Oh, yes, and play defense, that jolting, bone-crunching style of defense they
have often, but not always, been able to produce in big games. The
run and the knockout punch, so to speak, are what might beat the New England Patriots,
and that's might, as in MIGHT. This
is a team far better than excellent, driven by a head coach, Bill Belichick, who
is driven by intimations of grandeur, a man who has devoted his coaching career
to doing it one better than his mentor, with whom he had a serious falling-out,
Bill Parcells. He has won three
Super Bowls and Parcells has won two. He is excruciatingly close to something
Parcells never did and will never do, coach through an undefeated season. Even
the setting is perfect for him Saturday night. The game is against the Giants
and it's in Giants Stadium. He used to work for the team, and he coaches (albeit
in an assistant's capacity) here, and one of his fondest dreams was to one day
replace Parcells as the Giants' head coach. That
desire to be the Giants' head coach, and its ultimate failure, serves as the root
of his hard feelings toward the organization.
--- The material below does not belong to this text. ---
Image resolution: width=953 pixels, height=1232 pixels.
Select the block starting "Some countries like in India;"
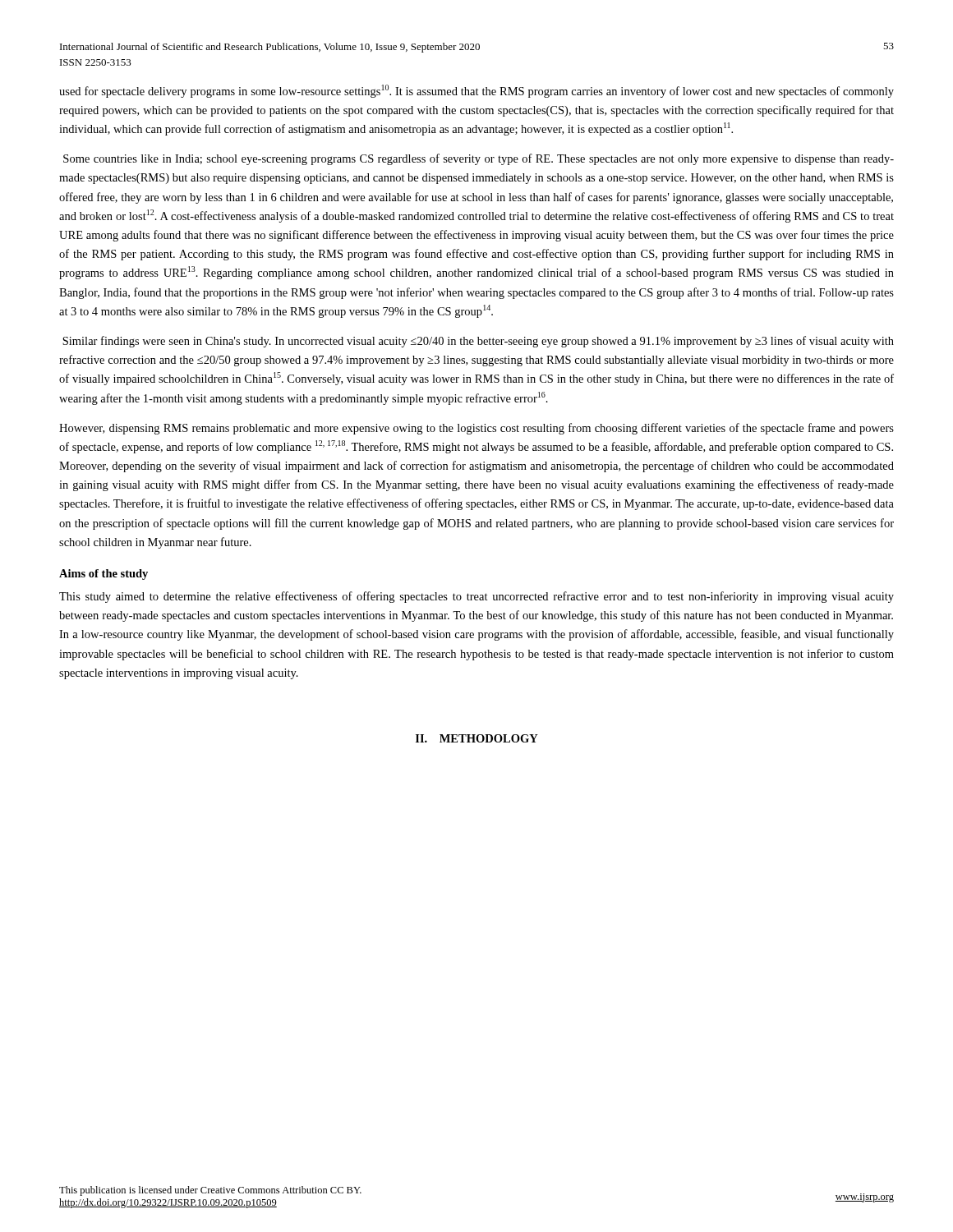point(476,235)

It all began in February of 1991, just weeks after the Giants won their second
(and last) Super Bowl. There were rumblings that Parcells was going to take a
walk, that he could no longer deal with the late general manager, George Young,
and since he was not only a mentor but a close friend to Belichick, word got to
"Little Bill" early. At the same
time, the Cleveland Browns seeking a replacement for interim coach Jim Shofner
and they asked Young for permission to talk to Belichick. Permission was granted,
and Young informed his young coach of the decision. Belichick
was reluctant. "If I don't take this job," he reportedly asked, "will I have a
strong chance to replace Bill if he retires?" Young
said no. Belichick left. And that's the root of the hard feelings.
Belichick and current Giants' head coach Tom Coughlin worked together on Parcells'
staff from 1988 through 1990, and had intense contact every day. "Tom coached
the receivers and I coached the defensive backs," Belichick said, "so we worked
together in one-on-one drills, seven-on-seven, you know, all the passing drills.
We had a good relationship. Tom was a good guy to work with. He's smart and I
think we both learned a lot from each other about different receiver techniques
and coverages. "He would say, 'Here's
the way this corner is playing us [and] it's really giving us a hard time' and
I'd take a look at that, or vice versa. I'd say, 'Hey, Tom, here's a route that
we're having a lot of trouble covering. This might be something you might want
to take a look at.' So it was good, we talked a lot about the passing game and
individual techniques and all of that in those two years, and I probably had as
good a working relationship as Tom as anybody I've worked with as an assistant
coach. He does a good job. He's very detailed, a precision guy who's well prepared.
He studies hard and has a thorough knowledge of the game. I have a lot of respect
for Tom Coughlin." In truth, the
two are equally intense. Football is everything, an all-consuming passion. In
a real and valid way, players are pawns, pushed from spot to spot, providing the
right "formation look" for the particular problem at hand. Neither man can accept
failure; when it does come, as it inevitably must, they brood and sulk. They
are twin products of Parcells' legacy, and along with Cleveland head coach Romeo
Crennel perhaps the best examples of latter-day Parcells currently working in
the NFL. In fact, and in case you missed it, there is a rumor that Crennel is
going to be asked to take the head coaching job in Miami. Miami, isn't that where
Parcells suddenly appeared as the new Director of Football Operations? You bet
it is. Coughlin, when he looks
at tapes of the Patriots, doesn't really see an undefeated team. He sees a team
that must have some weaknesses, some chinks in this unique armor, and the odds
are that he has already decided that running the ball, over and over and over,
and then some more, is going to be the right way -- perhaps the only way -- to
deal with this juggernaut. Why?
Because New England isn't great at stopping the run. The
Patriots rank 10th in the NFL in rush defense and the Giants rank fourth in the
NFL in rush offense. Does that make sense? It certainly does to guys who are so
precise, so intense and so detail conscious.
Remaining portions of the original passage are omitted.